侍卫感觉道脑袋中满是寒气,不敢废话的直接说道:“不知道,你被抓来后,她们就来了,具体的什么情况,我真的不知道。”
“睡吧!”安承德随手将两人一丢,自己的身影从原处消失。
从安承德现在对周围力量的勘察,数百丈的位置,有一座封锁内部的法阵,这个阵法藏在地下,应该就是守卫说的地牢。
“空!”安承德弹指间,周围的天地之气躁动,地牢开裂,安承德脸上一道寒气逼来,安承德没动。
“我可以死……”迷雾散去,俏脸满是憔悴的女子,出现在安承德的眼前。
“我回来了。”安承德摸着女子的脸颊,不知道过了多久,安承德这句话终于重新说了出来。
女子手中的软剑落下,她在地牢里,没日没夜的熬了七天,每天她都在想自己怎么死,却在最后下定决心的时候,看到了希望。
“彩儿……”安承德叫道。
“啪!……混蛋,你知不知道千禾遭了多少罪?”凌彩儿给了安承德一巴掌,安承德没有躲,因为他看到了地牢中的娇影。
安承德将凌彩儿用力的搂在怀里,然后两人一瞬来到姬千禾的面前。
木子架、黑索、铁钉……
“之前古阳君真身降临尹川城,把你抢了过来,然后千禾与我秘密潜入皇宫,却被古阳君发现,然后就成了现在这样。”凌彩儿小声的说道。

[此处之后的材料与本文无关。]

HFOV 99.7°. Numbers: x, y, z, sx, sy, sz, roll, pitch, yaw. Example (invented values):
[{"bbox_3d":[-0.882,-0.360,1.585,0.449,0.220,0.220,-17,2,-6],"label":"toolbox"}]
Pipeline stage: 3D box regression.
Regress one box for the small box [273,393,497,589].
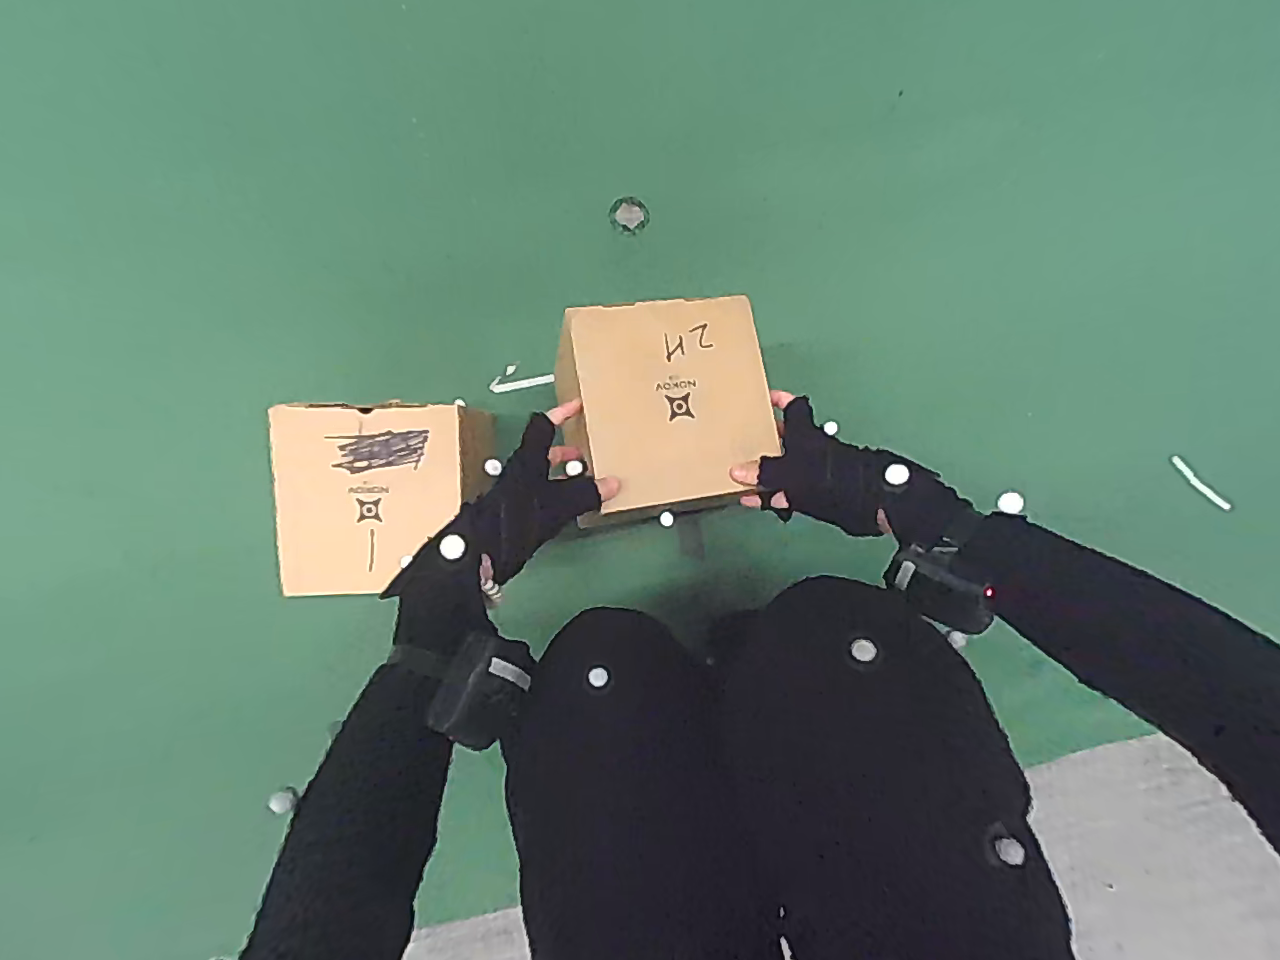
[{"bbox_3d":[-0.247,0.006,0.563,0.168,0.176,0.179,0,95,-5],"label":"small box"}]

安承德摸着姬千禾的俏脸,以前那个始终保持着美丽的女孩,竟然也遭到了这等刑罚。
干瘪的嘴唇,脏兮兮的脸颊,无神的双眸,头发蓬松散乱,盖着一半的脸颊。
“古阳君在最后想要侵犯的时候,千禾的身上忽然爆发出一道神光,将古阳君重伤击溃,直到现在都没有来过。”凌彩儿和安承德轻声说道,姬千禾遭受这样的刑讯,她很担心安承德会怀疑姬千禾的身子。

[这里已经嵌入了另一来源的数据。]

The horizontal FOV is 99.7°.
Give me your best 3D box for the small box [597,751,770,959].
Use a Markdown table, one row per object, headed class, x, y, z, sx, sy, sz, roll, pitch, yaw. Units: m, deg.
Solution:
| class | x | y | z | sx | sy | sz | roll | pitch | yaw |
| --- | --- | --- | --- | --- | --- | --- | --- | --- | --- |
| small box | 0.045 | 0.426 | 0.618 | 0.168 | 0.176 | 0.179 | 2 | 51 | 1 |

“我知道的,她的体内有一股谁都碰不了的力量,我和她第一次的时候,就感受到那股力量的存在,如果不是自愿,那股力量便会爆发出来。”安承德撩开姬千禾的头发,手指轻动,周围深陷在姬千禾体内的铁钉一根根的飞出,飘浮在安承德身边未动。
“你现在要去报仇?”
“当然不是,我要去将古阳君活剐了。”安承德平静的说道,眼神平平无奇的他,仿佛是一只蛰伏的雄狮,随时准备扑到对方,加以制裁。
“小安……”姬千禾双目现在看不见东西,但她感受安承德的气息,口舌干燥的叫道。
安承德抱住姬千禾,嘴唇盖在姬千禾干涸的唇瓣上,体内的青吾气和玉体仙姿运起,万物诀也同时融入姬千禾的娇躯。
安承德咬破自己的舌头,让自己的血液流入姬千禾的口中,安承德的行为很快,但却很稳,因为姬千禾现在就只剩一口气。
安承德紧紧的握着姬千禾的手掌,生怕自己失去姬千禾一样,然后近半个时辰过去后,姬千禾的生气才慢慢的被青吾气吊起。
“咳咳咳……好疼……你干嘛抓这么这么用力,疼死了!”姬千禾回过气来的第一件事,就是挥着无力的粉拳捶打安承德的胸膛道。
“你不是一直都喜欢我用力吗?忘了?”安承德嘴唇泛白的笑道,这一刻他心中悬着的巨石,终于落了下来。